We collect data as indicated by the table. We then import this into Weka as a csv file, and select the "MultilayerPerceptron" function to train on our data. We use the default parameters other than defining a 2-hidden layer network with 2 nodes in each layer, and after training on our data, we get a model as follows:
Weka actually just gives you all the values; we've put them into a diagram to clarify what is going on. On the left are our measured values vs. time data; the data for 10 seconds is used as an example. All the other numbers are the parameters the system learned for our data. Each node other than the output node uses a weighted sum of the inputs (shown as the wij values) and the sigmoid function, also known as the logistic function, to calculate the output values (shown as the sij values). The data go through layer 1, those outputs go through layer 2, and those outputs go through layer 3 which is just a single, linear node. The data are scaled before use, so the output is scaled back to our units. Looking at this result, it isn't impressive. We have a really simple system, and we predict -186 versus the actual value of 54. What happened?

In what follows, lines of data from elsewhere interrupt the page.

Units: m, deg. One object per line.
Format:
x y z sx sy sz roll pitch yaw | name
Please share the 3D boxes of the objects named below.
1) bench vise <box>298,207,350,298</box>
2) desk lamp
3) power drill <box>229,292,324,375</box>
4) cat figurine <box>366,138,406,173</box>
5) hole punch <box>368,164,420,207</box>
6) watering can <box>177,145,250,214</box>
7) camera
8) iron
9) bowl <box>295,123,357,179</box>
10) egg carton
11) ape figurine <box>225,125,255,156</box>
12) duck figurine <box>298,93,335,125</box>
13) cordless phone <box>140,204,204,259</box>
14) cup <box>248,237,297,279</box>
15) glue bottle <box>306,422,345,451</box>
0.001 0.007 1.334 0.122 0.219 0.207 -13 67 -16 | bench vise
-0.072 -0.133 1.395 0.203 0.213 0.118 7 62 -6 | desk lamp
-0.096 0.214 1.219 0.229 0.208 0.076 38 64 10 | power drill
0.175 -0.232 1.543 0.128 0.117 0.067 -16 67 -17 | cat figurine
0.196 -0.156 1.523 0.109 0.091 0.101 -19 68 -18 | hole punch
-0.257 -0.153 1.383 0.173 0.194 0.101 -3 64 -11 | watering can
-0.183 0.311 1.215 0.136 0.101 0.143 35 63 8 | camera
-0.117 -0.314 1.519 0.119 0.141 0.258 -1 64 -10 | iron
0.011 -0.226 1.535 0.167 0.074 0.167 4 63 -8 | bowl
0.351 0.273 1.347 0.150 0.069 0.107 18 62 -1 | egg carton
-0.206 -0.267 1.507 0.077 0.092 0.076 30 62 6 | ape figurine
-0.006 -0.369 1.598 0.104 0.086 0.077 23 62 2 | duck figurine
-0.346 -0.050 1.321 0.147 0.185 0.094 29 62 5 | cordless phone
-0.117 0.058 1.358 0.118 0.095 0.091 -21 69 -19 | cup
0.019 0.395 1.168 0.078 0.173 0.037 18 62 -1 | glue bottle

On the left is a set of samples taken from the time series, with the actual value and the predicted value charted together. In that view, things look pretty good. But if we zoom in to the values for short times, we see a different picture--there are pretty large errors up to at least 20 seconds. Is the neural network approach incapable of learning this system? No, the problem is our choice of parameters. In particular, the default learning rate is too high, and the training time is too short. The default values are a learning rate of 0.3 and 500 epochs to train. Let's change the learning rate to 0.1, and the momentum to 0.1 while we are at it, and let's give the system 4096 epochs to learn. We get the following:
In this case, for the same input values, we are much closer to the correct value. Looking at all the results shows this model works well over the entire range of time:
So, is the answer just to set a really low learning rate, modest momentum, and throw gobs of compute time at the problem? Unfortunately, not quite. If we take this system, and carefully explore the results across the parameter space of learning rate, momentum, and training time, we get a 3D map of the performance:
Here, the vertical axis is the root-mean-square error, ranging from 0 to 250 in this case. We vary the training time and the rate parameters as shown on the other axes. You can see that for any given time (Epochs) if the learning rate/momentum are too high, the results are degraded. The issue is that too high a rate can miss the optimum. Likewise, results are worse if the training time is shorter. However, we see something a little strange--at low learning rates, there is a region where we don't get the optimum result. Why? We have not provided enough time to converge to a good solution given the small steps we are taking. If we had this chart ahead of time, we could see that our time to get a good solution can be a low as 512 Epochs if the learning rate is just right.
As more and more people gain access to machine learning tools, awareness of limitations and need to test solutions is very important. If you get what seems like a good result, consider testing it by running another few learning sessions with different parameters. If you get very similar results you will have more confidence you are at an optimal (or nearly so) solution.